くしゃみとルービックキューブ

1.

声はたいがい愚痴が多い。うるさい、とか、面倒臭い、とか、あとはうんざりしたような感じのうめきや、言葉にならない絶望感。楽しそうだったり明るかったりしたためしがない。

声はいつも湿っぽく、たまに悲痛だったりする。だから洋一は気になってしまう。一体この人はどういう毎日を送っているのだろう? と。実際に、声の主が存在するとしての話だが。

「ほら、ここ押してみ?」

岳也が洋一の腕をつついた。言われた通り、洋一はXのキーを押した。

クッシャン。少し甲高いくしゃみがスピーカーから飛びだした。明らかに女性のくしゃみだ。

驚いて、洋一は「おう」と声をあげる。まるでスピーカーがくしゃみをしたみたいだ。

「これが一番最近録ったやつ。登戸の南武線のホームで録った」
「もう一回押してみてもいいですか」
「いいよ」

洋一は再びXのキーを押した。クッシャン。やっぱりスピーカーがくしゃみをしたように聞こえる。なんだか不思議な感じだ。

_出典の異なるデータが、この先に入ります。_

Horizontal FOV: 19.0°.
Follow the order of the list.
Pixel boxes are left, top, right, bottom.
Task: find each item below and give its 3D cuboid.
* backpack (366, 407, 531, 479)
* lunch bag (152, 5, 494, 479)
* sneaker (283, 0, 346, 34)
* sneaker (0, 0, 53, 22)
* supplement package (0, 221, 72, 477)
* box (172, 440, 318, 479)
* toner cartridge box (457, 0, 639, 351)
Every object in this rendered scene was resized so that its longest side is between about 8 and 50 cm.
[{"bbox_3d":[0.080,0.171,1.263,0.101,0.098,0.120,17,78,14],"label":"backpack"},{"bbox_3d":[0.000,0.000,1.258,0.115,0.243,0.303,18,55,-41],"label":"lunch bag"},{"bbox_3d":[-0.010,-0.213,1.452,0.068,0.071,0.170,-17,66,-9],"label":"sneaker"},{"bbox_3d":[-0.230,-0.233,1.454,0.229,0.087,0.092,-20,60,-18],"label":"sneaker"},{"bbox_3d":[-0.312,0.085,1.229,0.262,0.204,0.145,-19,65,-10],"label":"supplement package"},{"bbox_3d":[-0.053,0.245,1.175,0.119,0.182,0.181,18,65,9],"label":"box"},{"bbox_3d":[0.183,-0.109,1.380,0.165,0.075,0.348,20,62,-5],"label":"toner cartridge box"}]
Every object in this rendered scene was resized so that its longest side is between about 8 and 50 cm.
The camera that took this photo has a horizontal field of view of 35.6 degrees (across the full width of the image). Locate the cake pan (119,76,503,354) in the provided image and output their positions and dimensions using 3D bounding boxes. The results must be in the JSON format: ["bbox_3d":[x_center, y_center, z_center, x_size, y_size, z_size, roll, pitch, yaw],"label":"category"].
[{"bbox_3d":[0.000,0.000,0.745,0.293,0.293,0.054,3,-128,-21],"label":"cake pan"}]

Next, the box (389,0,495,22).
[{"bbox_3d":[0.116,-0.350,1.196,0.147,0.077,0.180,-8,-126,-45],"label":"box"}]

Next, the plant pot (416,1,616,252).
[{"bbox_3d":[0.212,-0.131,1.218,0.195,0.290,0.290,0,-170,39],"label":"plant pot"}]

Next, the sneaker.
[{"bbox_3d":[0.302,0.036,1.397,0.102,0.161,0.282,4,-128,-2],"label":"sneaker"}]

無機質な物から飛びだす、人間臭い音。面白くなって、洋一は続けざまにキーを押した。

クッシャンクッシャンクッシャン、ククククッシャン。

「ははっ、面白い!」
「これはラのキーだ。かなり高音の部類に入る」

真面目な顔で岳也は説明する。

「音階順に並べたのがこれだ」

画面に出ているト音記号を岳也がクリックすると、くしゃみで構成された微妙なドレミファソラシドが始まった。洋一は笑いが止まらない。すっかりツボに入ってしまった。